◆ Problem requirements ◆
The whole listing that follows is to be restated word for word, images excluded.

■ ■ ■ ■ ■

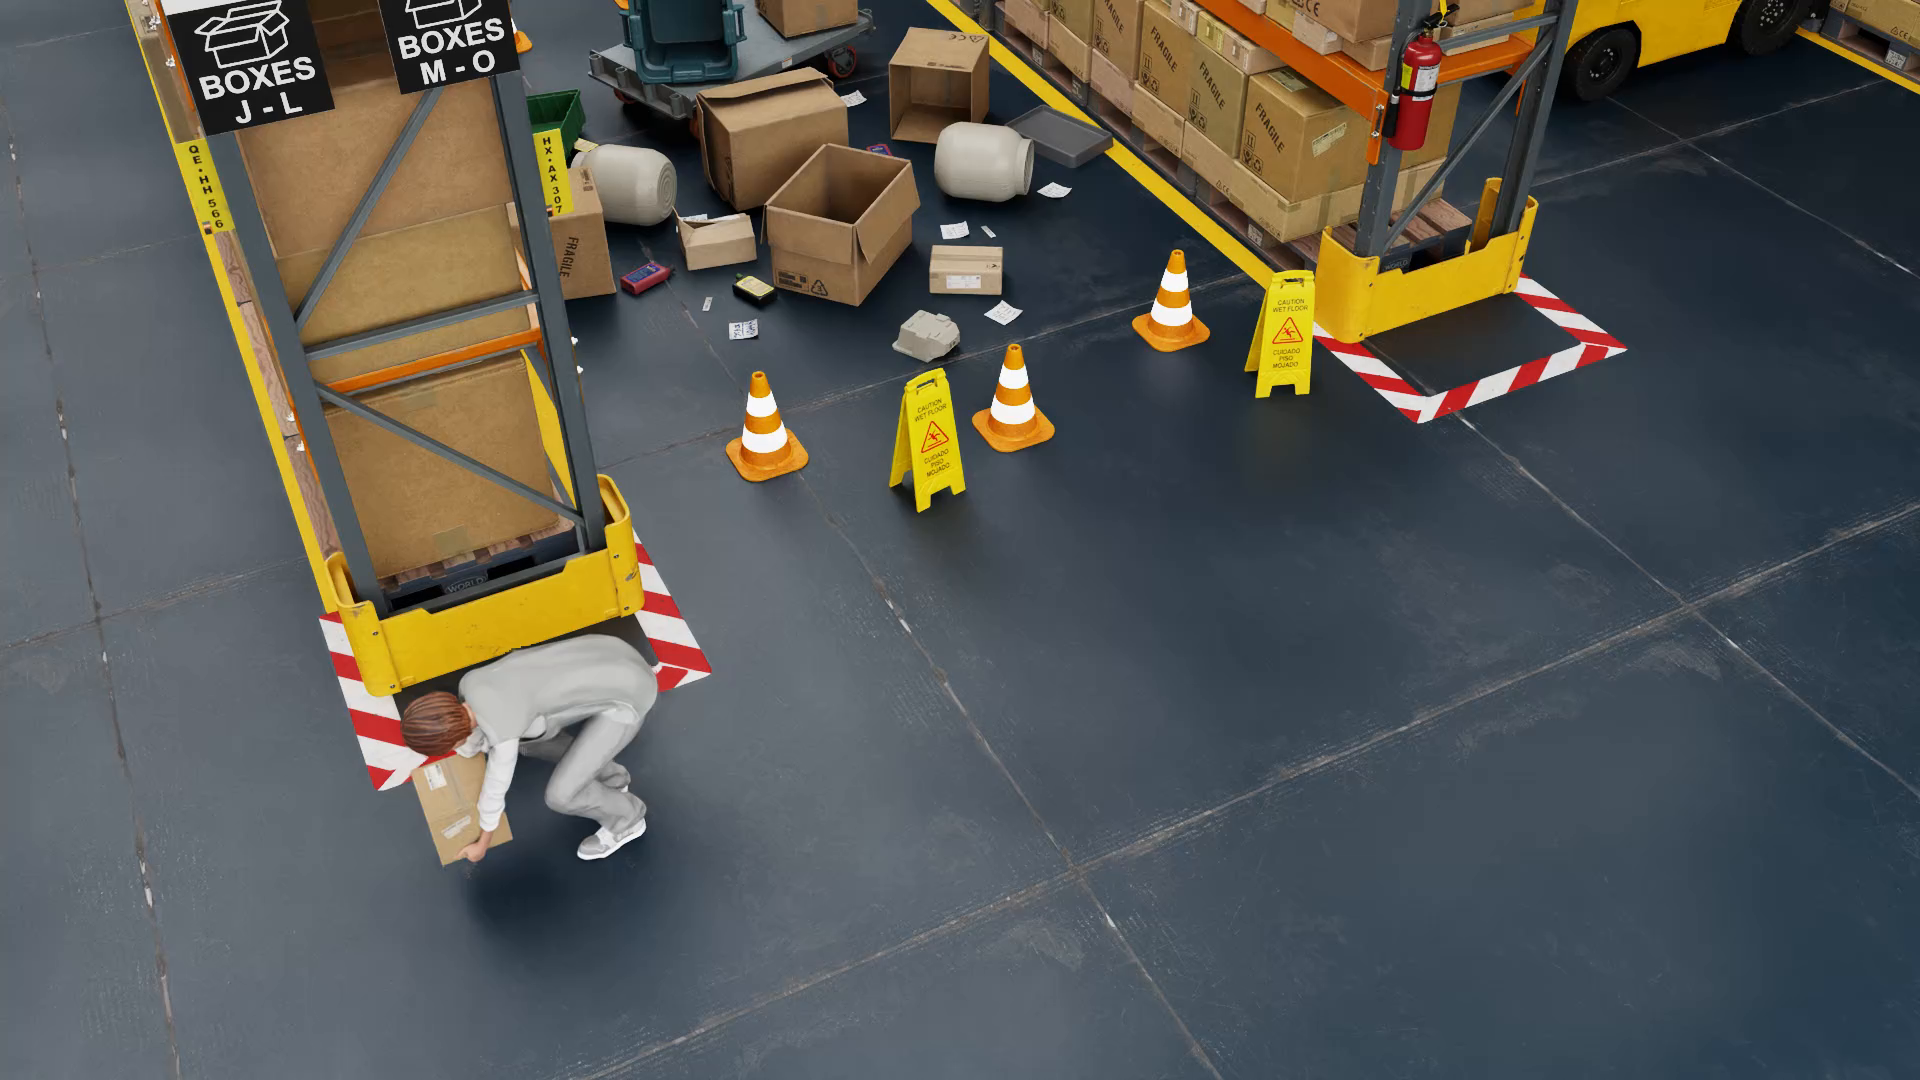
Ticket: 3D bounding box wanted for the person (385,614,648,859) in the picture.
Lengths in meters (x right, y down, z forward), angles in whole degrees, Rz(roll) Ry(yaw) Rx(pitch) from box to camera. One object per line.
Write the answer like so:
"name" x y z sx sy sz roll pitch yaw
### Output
"person" -1.480 0.704 5.789 0.853 1.056 0.394 -21 46 -22

■ ■ ■ ■ ■

◆ Answer ◆
Ticket: 3D bounding box wanted for the person (385,614,648,859) in the picture.
Lengths in meters (x right, y down, z forward), angles in whole degrees, Rz(roll) Ry(yaw) Rx(pitch) from box to camera. One object per line.
Write the answer like so:
"name" x y z sx sy sz roll pitch yaw
### Output
"person" -1.480 0.704 5.789 0.853 1.056 0.394 -21 46 -22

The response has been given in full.